* What is expected
Of the lines in the material below, print only those from the one containing "return sys.stdin.readline()[:-1]" to the one containing "What type of structure", ends included, exactly as written and without pictures.

===== Data to process =====

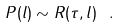Convert formula to latex. <formula><loc_0><loc_0><loc_500><loc_500>P ( l ) \sim R ( \tau , l ) \ .</formula> 
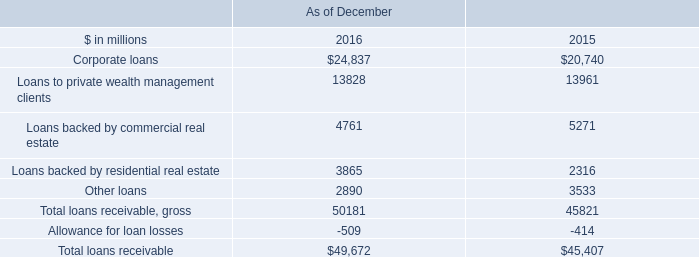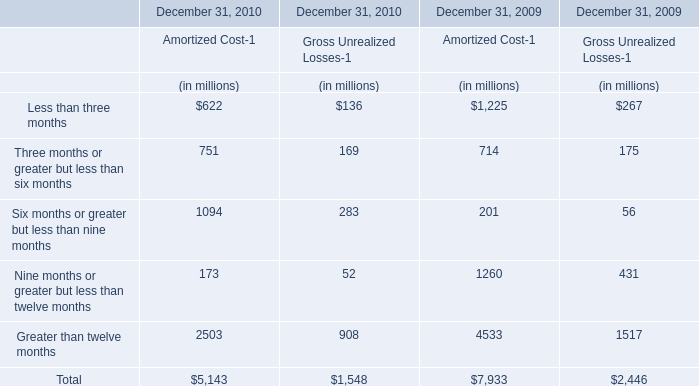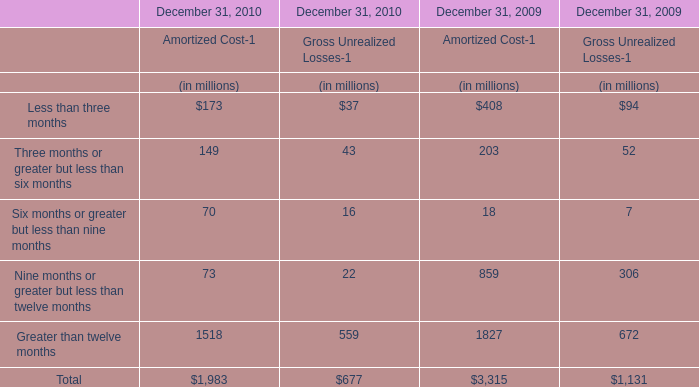What's the current growth rate of Less than three months for Gross Unrealized Losses-1? 
Computations: ((37 - 94) / 94)
Answer: -0.60638. 
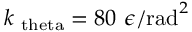Convert formula to latex. <formula><loc_0><loc_0><loc_500><loc_500>k _ { \ t h e t a } = 8 0 \epsilon / r a d ^ { 2 }</formula> 
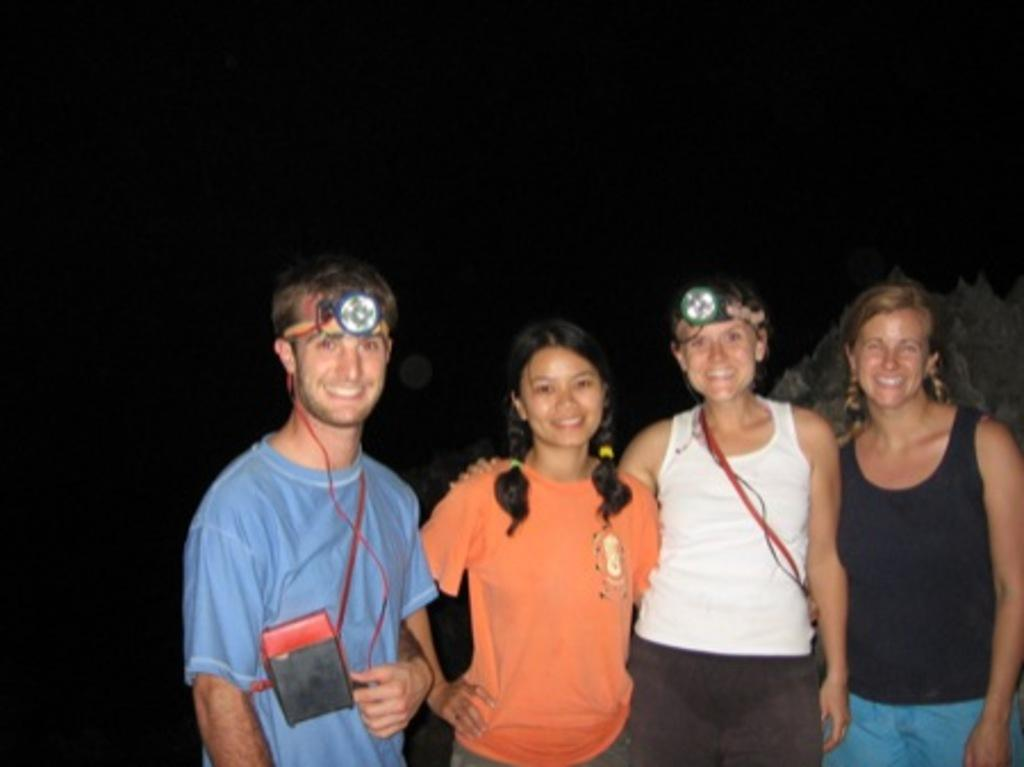What is the main subject of the image? The main subject of the image is a group of people. What is the facial expression of the people in the image? The people in the image are all smiling. What type of lighting equipment is visible in the image? There are head lamps visible in the image. Can you describe the background of the image? The background of the image is dark. Where is the queen sitting on her throne in the image? There is no queen or throne present in the image; it features a group of people with head lamps and a dark background. What type of zebra can be seen grazing in the background of the image? There is no zebra present in the image; the background is dark. 
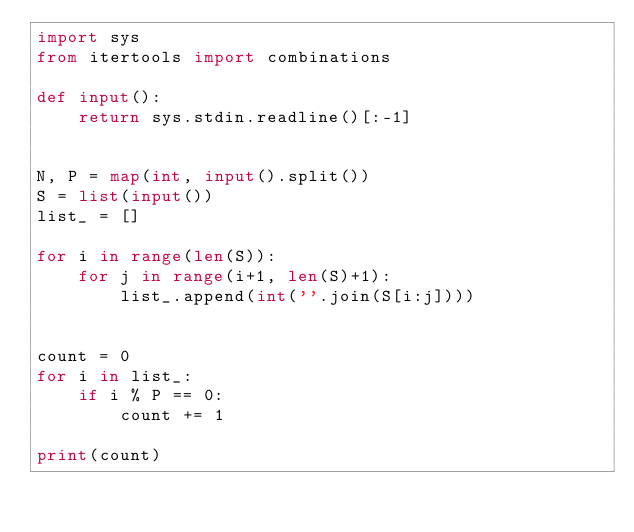Convert code to text. <code><loc_0><loc_0><loc_500><loc_500><_Python_>import sys
from itertools import combinations

def input():
    return sys.stdin.readline()[:-1]


N, P = map(int, input().split())
S = list(input())
list_ = []

for i in range(len(S)):
    for j in range(i+1, len(S)+1):
        list_.append(int(''.join(S[i:j])))


count = 0
for i in list_:
    if i % P == 0:
        count += 1

print(count)
</code> 
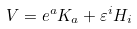<formula> <loc_0><loc_0><loc_500><loc_500>V = e ^ { a } K _ { a } + \varepsilon ^ { i } H _ { i } \,</formula> 
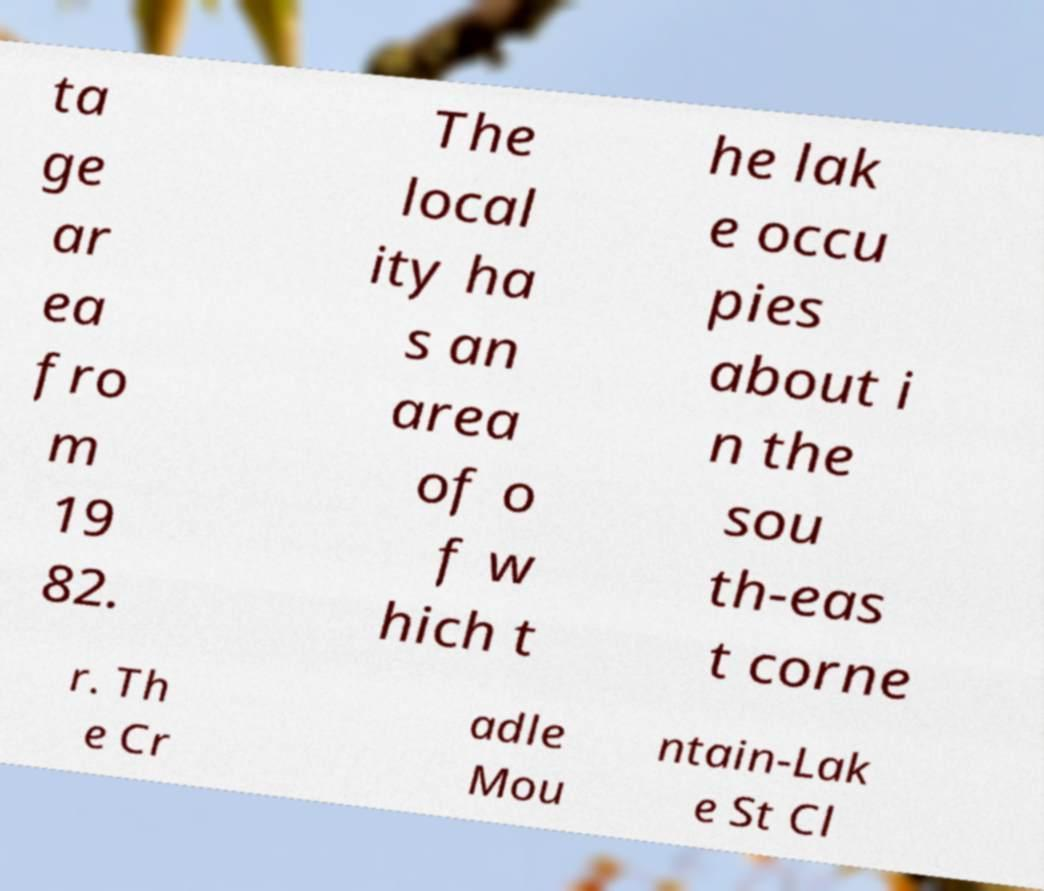What messages or text are displayed in this image? I need them in a readable, typed format. ta ge ar ea fro m 19 82. The local ity ha s an area of o f w hich t he lak e occu pies about i n the sou th-eas t corne r. Th e Cr adle Mou ntain-Lak e St Cl 
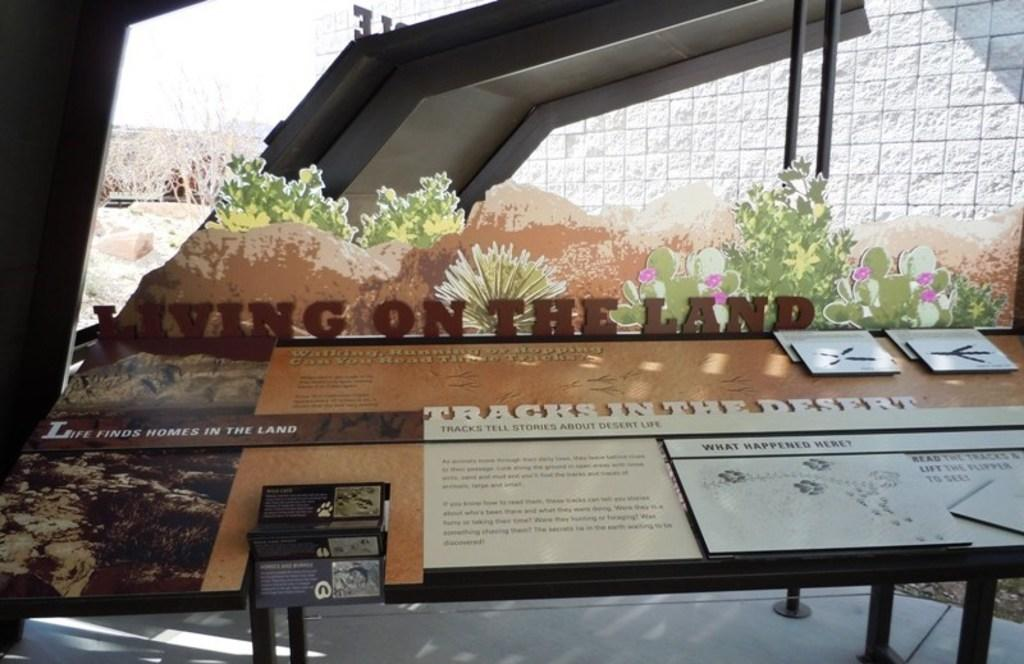What type of structure is visible in the image? There is a building wall in the image. What natural elements can be seen in the image? There are trees and painted hills visible in the image. What man-made object with text is present in the image? There is a board with text in the image. What type of vegetation is present in the image? Plants are present in the image. What flavor of ice cream is being served at the birth of the child in the image? There is no ice cream or child present in the image, so it is not possible to answer that question. 
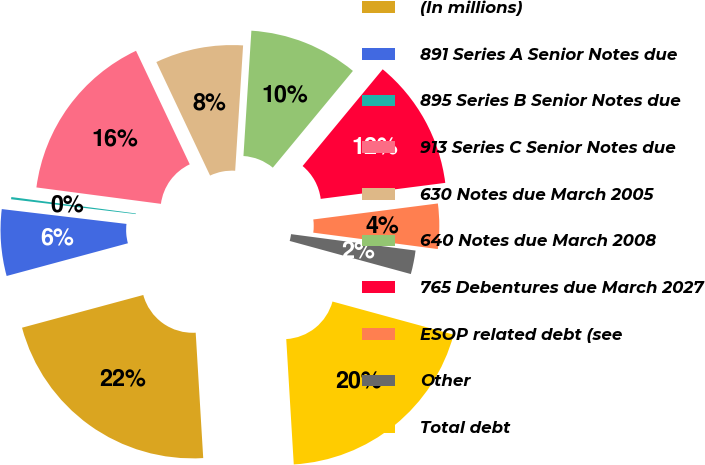Convert chart to OTSL. <chart><loc_0><loc_0><loc_500><loc_500><pie_chart><fcel>(In millions)<fcel>891 Series A Senior Notes due<fcel>895 Series B Senior Notes due<fcel>913 Series C Senior Notes due<fcel>630 Notes due March 2005<fcel>640 Notes due March 2008<fcel>765 Debentures due March 2027<fcel>ESOP related debt (see<fcel>Other<fcel>Total debt<nl><fcel>21.76%<fcel>6.08%<fcel>0.2%<fcel>15.88%<fcel>8.04%<fcel>10.0%<fcel>11.96%<fcel>4.12%<fcel>2.16%<fcel>19.8%<nl></chart> 
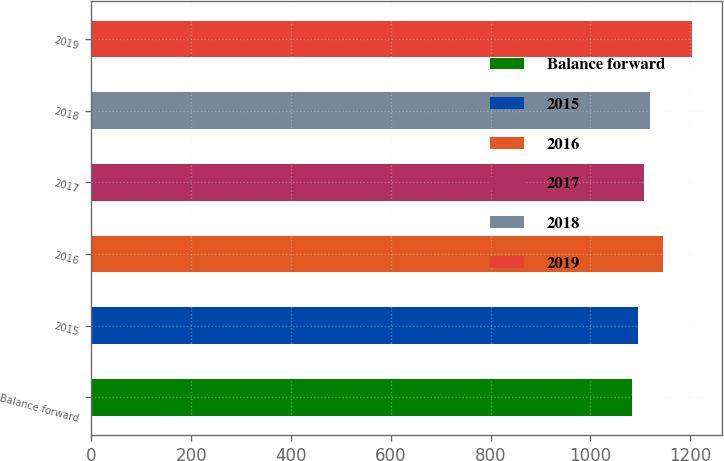Convert chart to OTSL. <chart><loc_0><loc_0><loc_500><loc_500><bar_chart><fcel>Balance forward<fcel>2015<fcel>2016<fcel>2017<fcel>2018<fcel>2019<nl><fcel>1083<fcel>1095.1<fcel>1146<fcel>1107.2<fcel>1119.3<fcel>1204<nl></chart> 
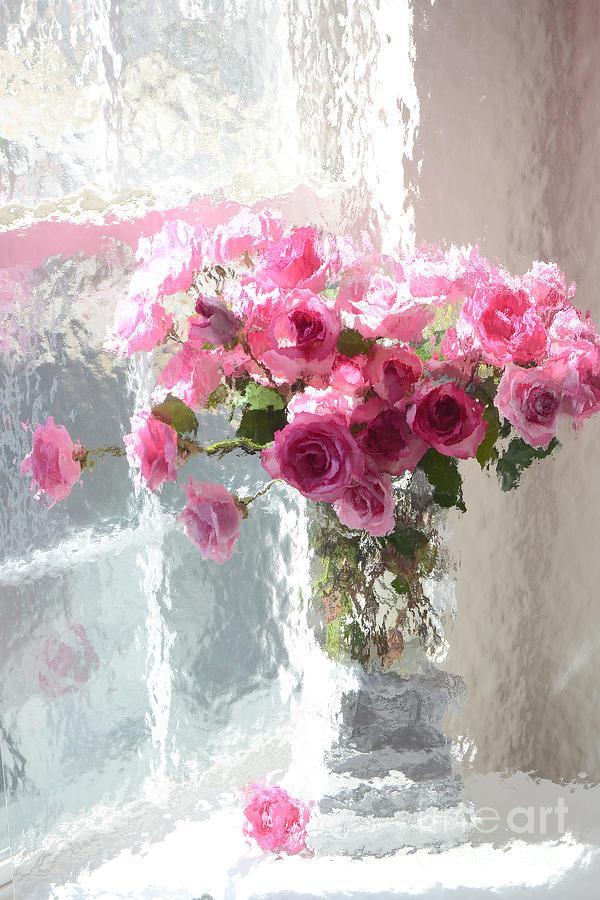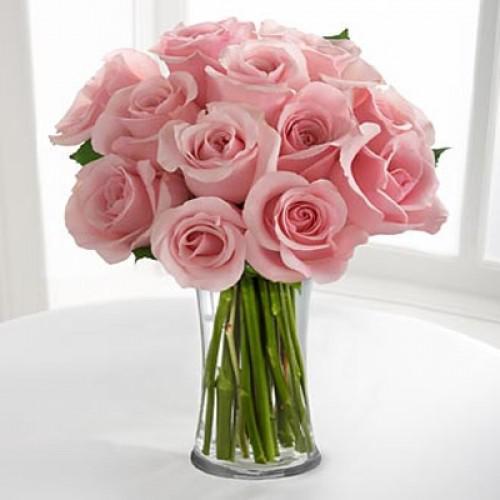The first image is the image on the left, the second image is the image on the right. For the images shown, is this caption "A bunch of green stems are visible through the glass in the vase on the right." true? Answer yes or no. Yes. 
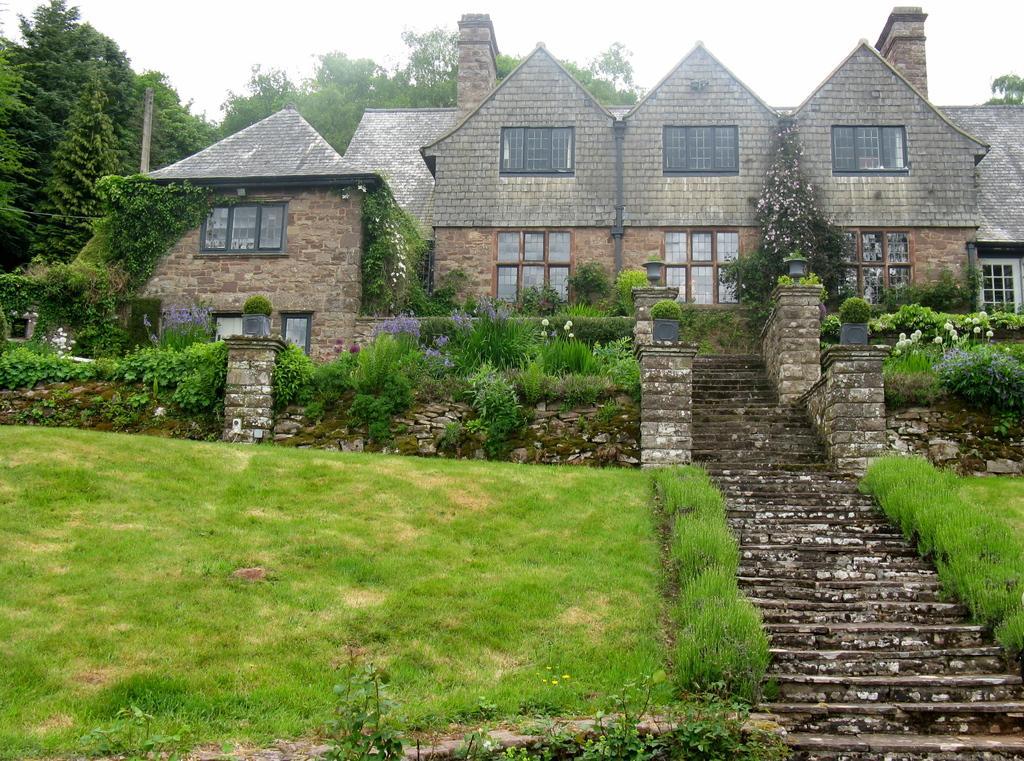In one or two sentences, can you explain what this image depicts? In this image we can see some plants, grass, stairs and in the background of the image there are some houses and clear sky.

=====

* Output for this exercise
    return sys.stdin.readline()[:-1]


N, P = map(int, input().split())
S = list(input())
list_ = []

for i in range(len(S)):
    for j in range(i+1, len(S)+1):
        list_.append(int(''.join(S[i:j])))


count = 0
for i in list_:
    if i % P == 0:
        count += 1

print(count)
</code> 
<formula> <loc_0><loc_0><loc_500><loc_500>V = e ^ { a } K _ { a } + \varepsilon ^ { i } H _ { i } \,</formula> 
What messages or text are displayed in this image? I need them in a readable, typed format. ta ge ar ea fro m 19 82. The local ity ha s an area of o f w hich t he lak e occu pies about i n the sou th-eas t corne r. Th e Cr adle Mou ntain-Lak e St Cl 
What type of structure is visible in the image? There is a building wall in the image. What natural elements can be seen in the image? There are trees and painted hills visible in the image. What man-made object with text is present in the image? There is a board with text in the image. What type of vegetation is present in the image? Plants are present in the image. What flavor of ice cream is being served at the birth of the child in the image? There is no ice cream or child present in the image, so it is not possible to answer that question. 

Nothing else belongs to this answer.